3. Diagnosis and Treatment of the Disease

  1. The initial symptoms of the disease may be overlooked or mistaken by the patient because of their similarity to those of flu and because they may in any case be mild. Even if the patient consults a doctor and particularly if the patient has a 'clean' occupation, the symptoms may still be mistaken for those of flu and the possibility of leptospirosis overlooked by the doctor.

  2. It is therefore essential that any individual who experiences any of the initial symptoms, after any activity during which they may have been infected and within the incubation period, must consult a doctor and specifically tell the doctor of the possibility of a leptospiral infection.

    It is vital, in terms of the FSC's Safety Management System [see section 5 of this Appendix], that all visitors who undertake any activity during which they may come in contact with a source of infection, are made aware of this position. In the case of young persons, this specific advice must also be given in / included in any general advice and information on the disease provided, in writing, to group organisers and the parents / guardians of the young people.

  3. Diagnosis of the disease is confirmed by laboratory blood tests. Blood samples should be sent directly to the Leptospira Reference Unit [See section 6 of this Appendix for address] where they will be tested within 24 hours.
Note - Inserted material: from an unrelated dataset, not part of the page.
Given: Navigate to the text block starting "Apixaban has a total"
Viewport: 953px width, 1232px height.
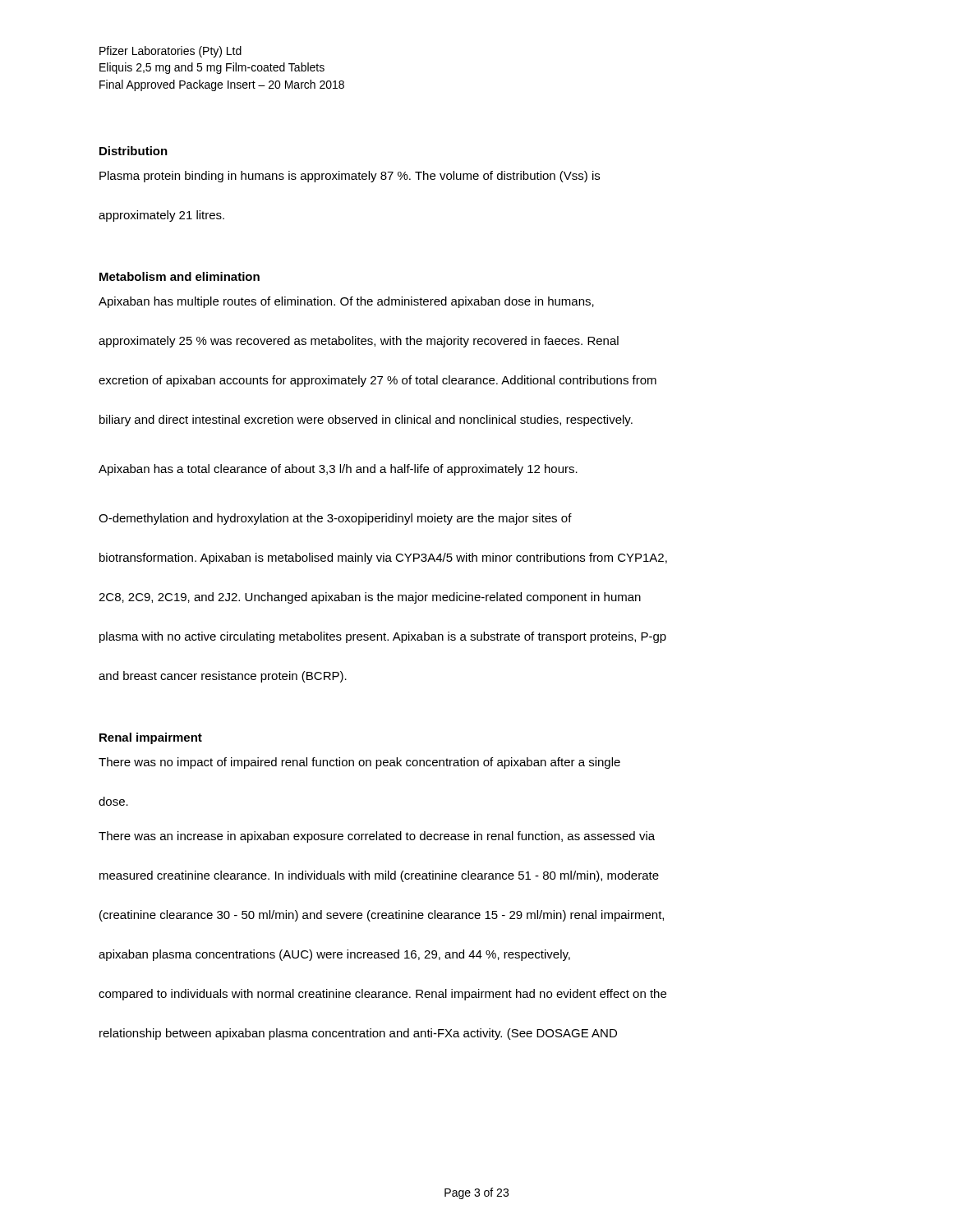Looking at the screenshot, I should [338, 469].
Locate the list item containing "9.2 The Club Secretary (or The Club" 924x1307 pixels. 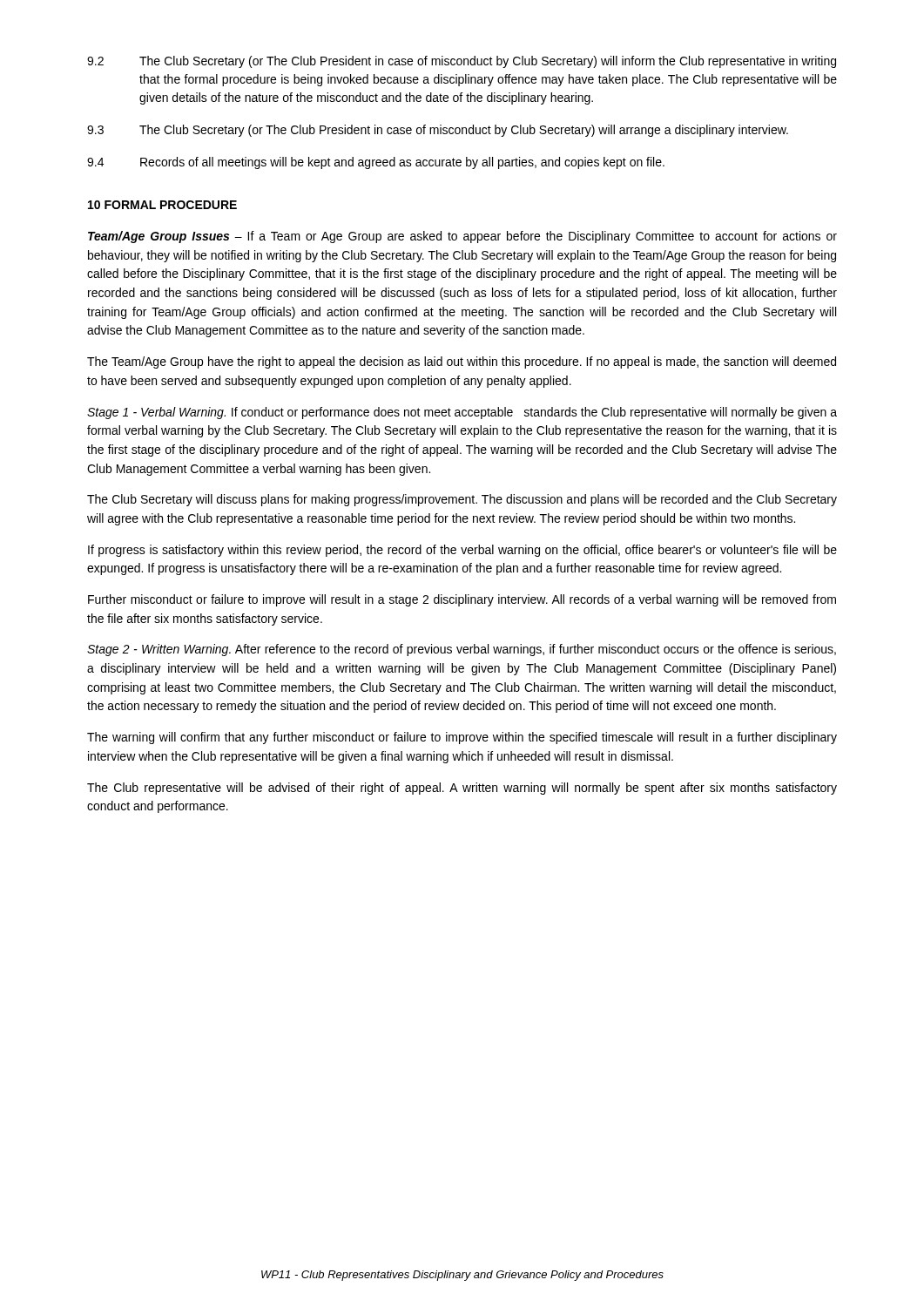coord(462,80)
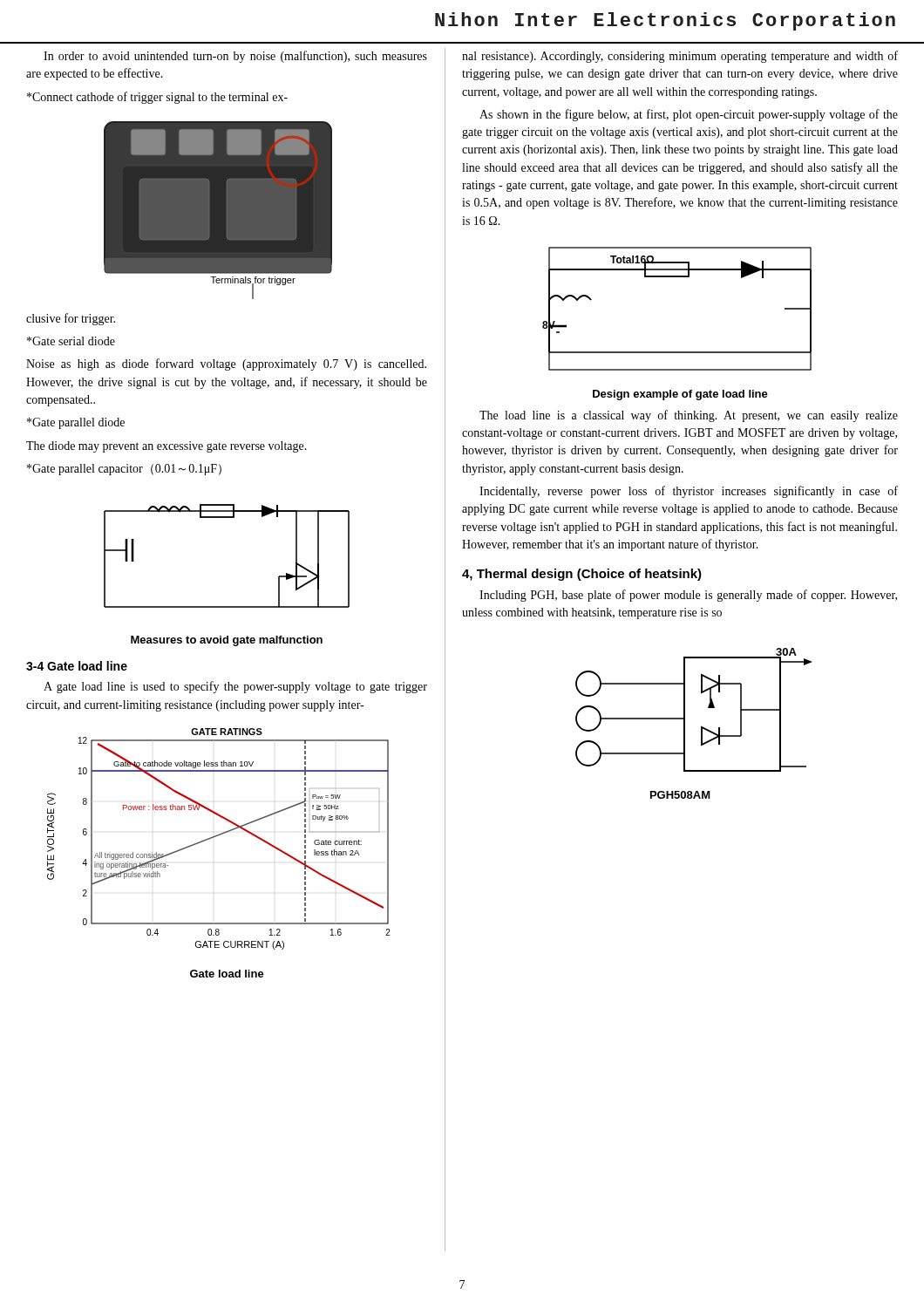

Testing by laboratories at a local hospital is not advised because this may take undue time. It must however be noted that the test will only become positive after about the 6th day of illness and should only be used for confirming an initial clinical diagnosis and not for the purposes of deciding whether or not to commence treatment.

  4. Treatment of the disease at this stage is relatively straight forward [using antibiotics] and effective. The bacteria are still multiplying within the body and the treatment kills the bacteria, thus preventing further multiplication

  5. Treatment, once the secondary symptoms have developed, is more complicated and difficult. By this stage, bacterial growth has been enormous and the dead, solid remains of the bacteria and their action on the body can cause kidney failure [hence decline in urine production and jaundice] and internal bleeding [hence the skin bruising]. Whilst further bacterial multiplication can be prevented by antibiotics, it is the rectification of the kidney failure [and its associated complications] and the internal bleeding which presents the medical difficulties.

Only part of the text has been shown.